Business intelligence visualization guru Stephen Few wrote an interesting analysis of a Malcolm Gladwell talk he attended during a SAS Institute conference. Key idea:
Our former problems were usually solved by digging up and revealing the right information. He used Watergate as an example, pointing out that key information was hidden, and the problem was solved when Washington Post journalists Woodward and Bernstein were finally able to uncover this information that had been concealed. Modern problems, on the other hand, are not the result of missing or hidden information, Gladwell argued, but the result, in a sense, of too much information and the complicated challenge of understanding it. Enron was his primary example. The information about Enron’s practices was not kept secret. In fact, it was published in several years’ worth of financial reports to the SEC, totaling millions of pages. The facts that led to Enron’s rapid implosion were there for anyone who was interested to see, freely available on the Internet, but weren’t understood until a journalist spent two months reading and struggling to make sense of Enron’s earnings, which led him to discover that they existed only as contracts to buy energy at a particular price in the future, not as actual cash in the bank. The problems that we face today, both big ones in society like the current health care debate and smaller ones like strategic business decisions, do not exist because we lack information, but because we don’t understand it. They can be solved only by developing skills and tools to make sense of information that is often complex. In other words, the major obstacle to solving modern problems isn’t the lack of information, solved by acquiring it, but the lack of understanding, solved by analytics.

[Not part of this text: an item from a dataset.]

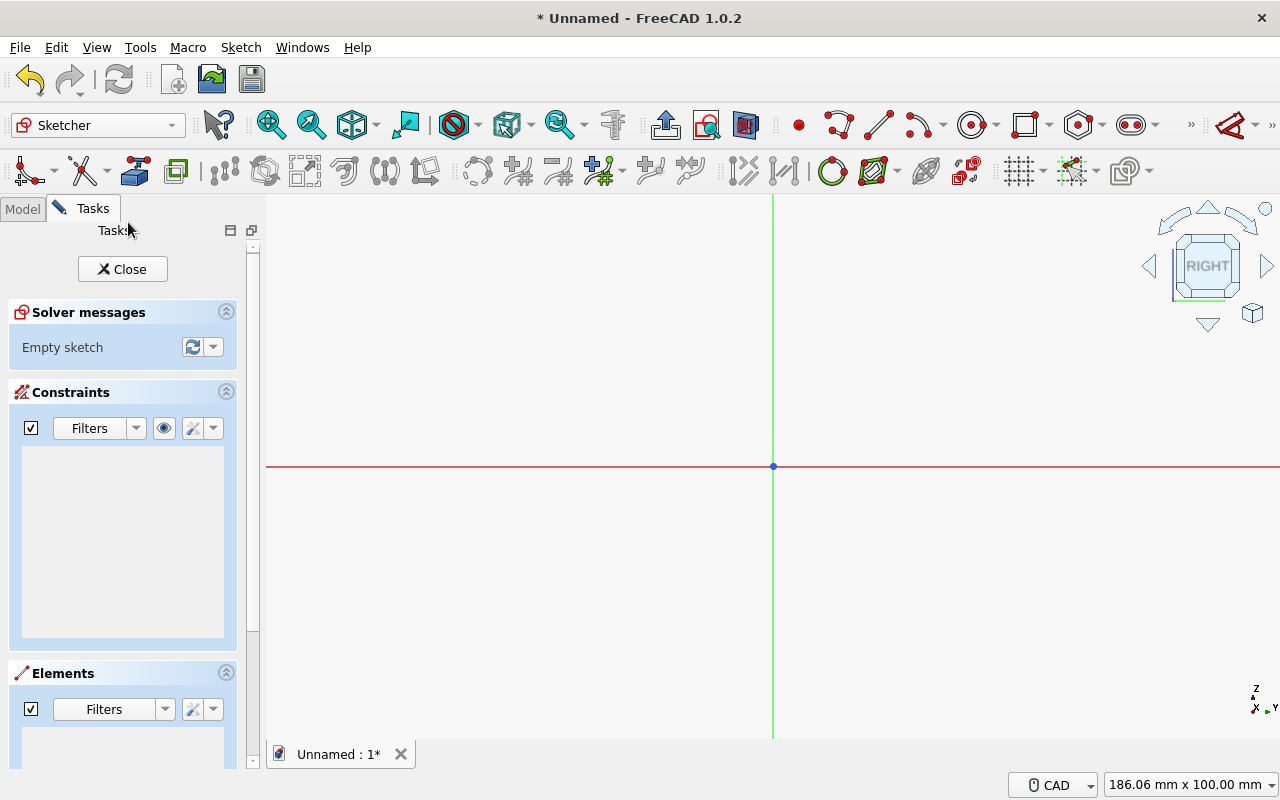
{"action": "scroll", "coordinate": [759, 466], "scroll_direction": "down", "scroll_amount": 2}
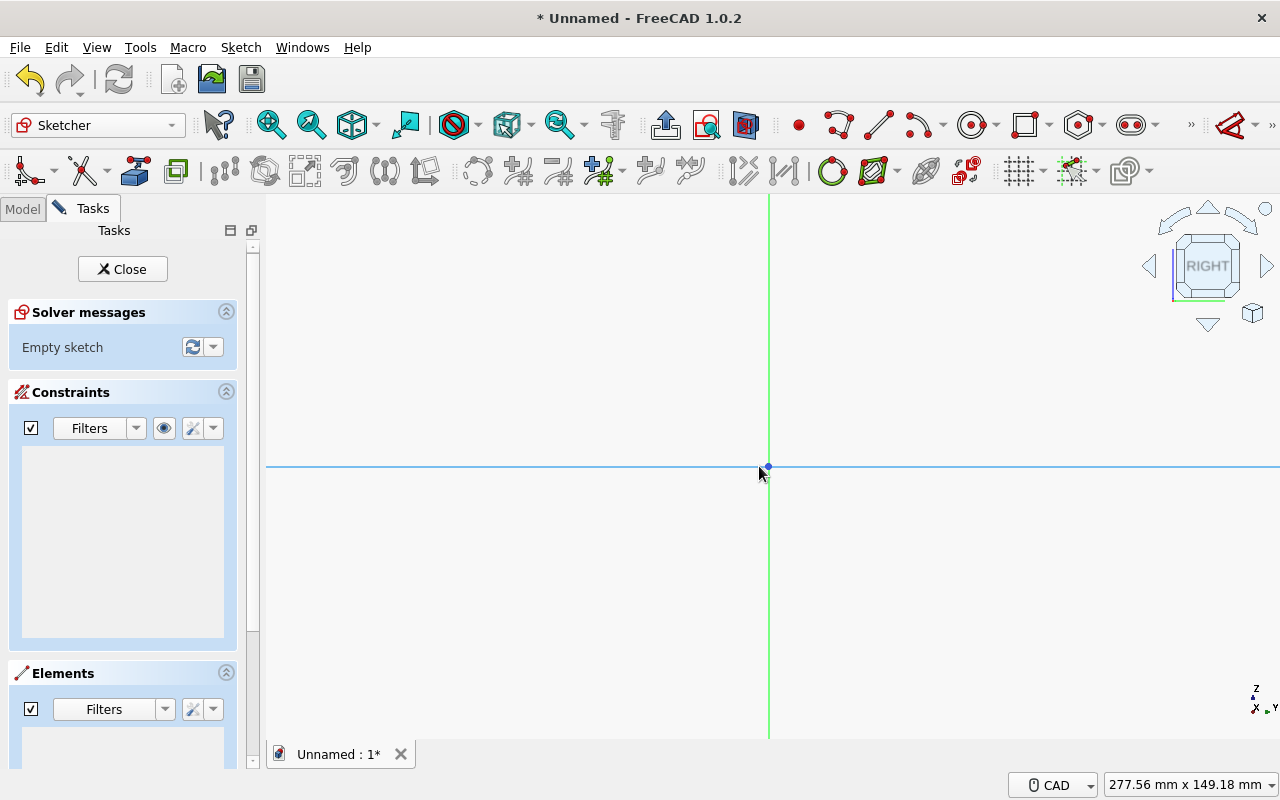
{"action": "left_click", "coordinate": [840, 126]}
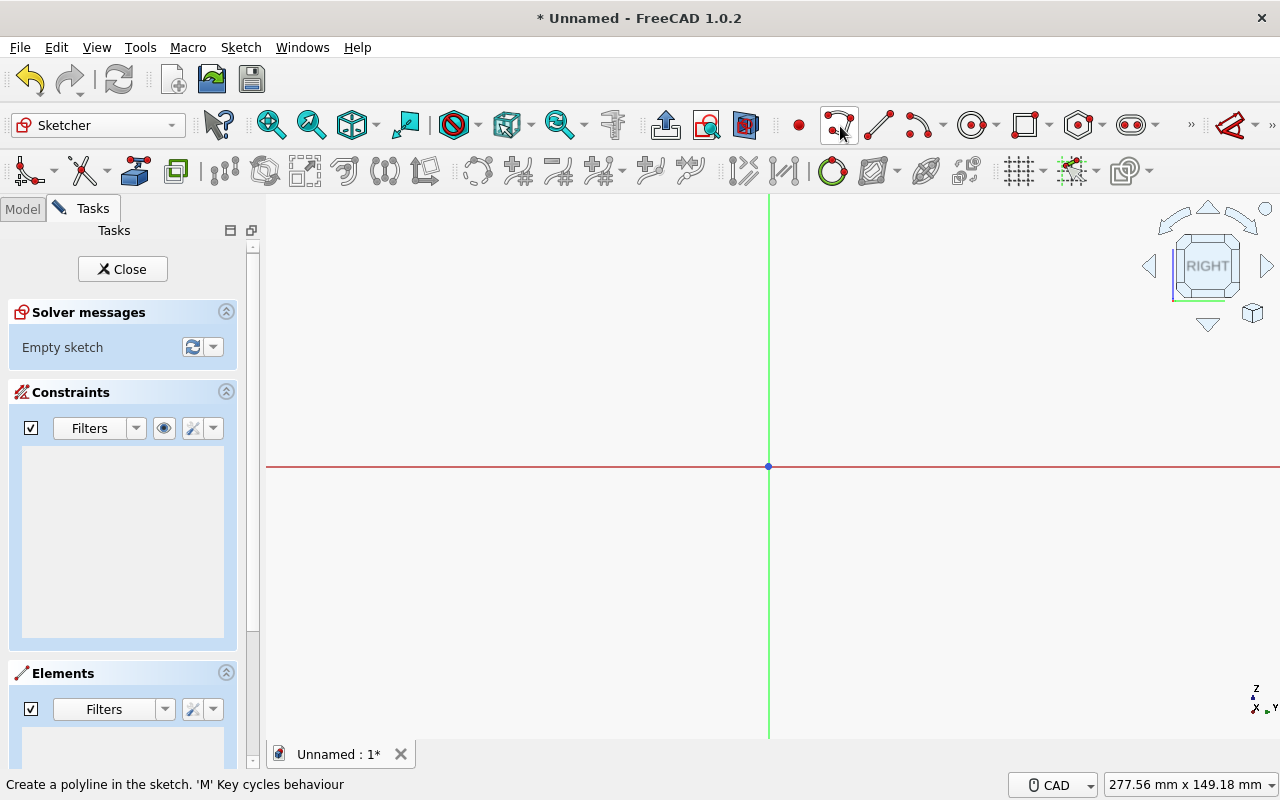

For Austin’s public sector, there are three related problems.
First, there is no notion that data is a public good that Austin’s citizens are entitled to have. Access to data is presently a discretionary privilege granted in the event that a request clears freedom of information requirements and/or bureaucratic obstacles. This level of protection makes sense when it comes to individualized records, but it does not make sense for the types of data sets that are useful for most policy discussions (think water demand in the WTP4 debate.)
Second, because there isn’t an affirmative expectation that data sets should to be gathered and put out to the public, many opportunities to assemble useful data sets are not explored. What factors predict a good cop or a water main bursting? Data on these can be gathered, put out in the public in a way that does not compromise individual privacy and allows for crowd-sourced crunching and accountability. There is no expectation and thus, there are no systems in place to create these data products. These are just as essential as the budget (which if you think about it, is also a data product) and need to start being considered basic elements of local government transparency just like an annual, line-by-line budget is a basic expectation.
Third, our overall innumeracy as a society gets in the way of understanding the nuances revealed by data analysis. I am thinking for example of the controversy about Austin Energy’s renewable push and how it is absent any concept of volatility or dissection into the rate of annualized increases.
The first two problems are easier to solve, but perhaps if there is more data and associated analysis out there that affects daily lives, then the median voter will start getting more interested in things like standard deviations. Just think about the number of statistical terms used in sports, and you get a sense that non-quants can get into numbers if they see the link to insight they care about.
Thanks for posting this. I’m amazed at the rate at which barriers to accessing information are coming down. We’re trying to do our part here at CAPCOG with projects like GeoMap (free aerial imagery), Data Points, etc., but there is a lot more work ahead of us. I think the public sector, generally, could improve on this, but when you watch the U.S. Census Bureau fight for its budget year after year, for example, those of us who believe strongly in the production of public use data can get discouraged. As expectations about data availability grow, hopefully we’ll see more political support for investing in data programs.
Brian,
I think you are correct that those of us that care about data need to do a better job of organizing for the allocation of resources to prioritize the creation and release of data sets. I’d love to hear from your experiences at CAPCOG with Data Points about what type of data people want, what has worked to spur engagement, and what those of us in civil society can do to support more raw data being gathered and put out to the public. And btw, do you have a sense of who the local champions on this topic are?
There is a small (and growing) cadre of folks in the public and non-profit sectors in the Austin area who are passionate about data availability and why it’s important for public engagement and decision-making. I’m not sure they’d appreciate me calling them out here on your blog, but they are not hard to find if you look around for people publishing data sets, reports, etc. on popular issues. Top of the list here in terms of frequently asked products include GIS data layers, aerial imagery, economic forecast data, and labor market information. I’ve seen a tremendous increase in the frequency of requests, as well as the types of organizations making those requests, over my four years here at CAPCOG. If there’s interest out there among your readers, I’d be glad to talk to you about putting together a webinar or some other small forum to share what we’ve learned here.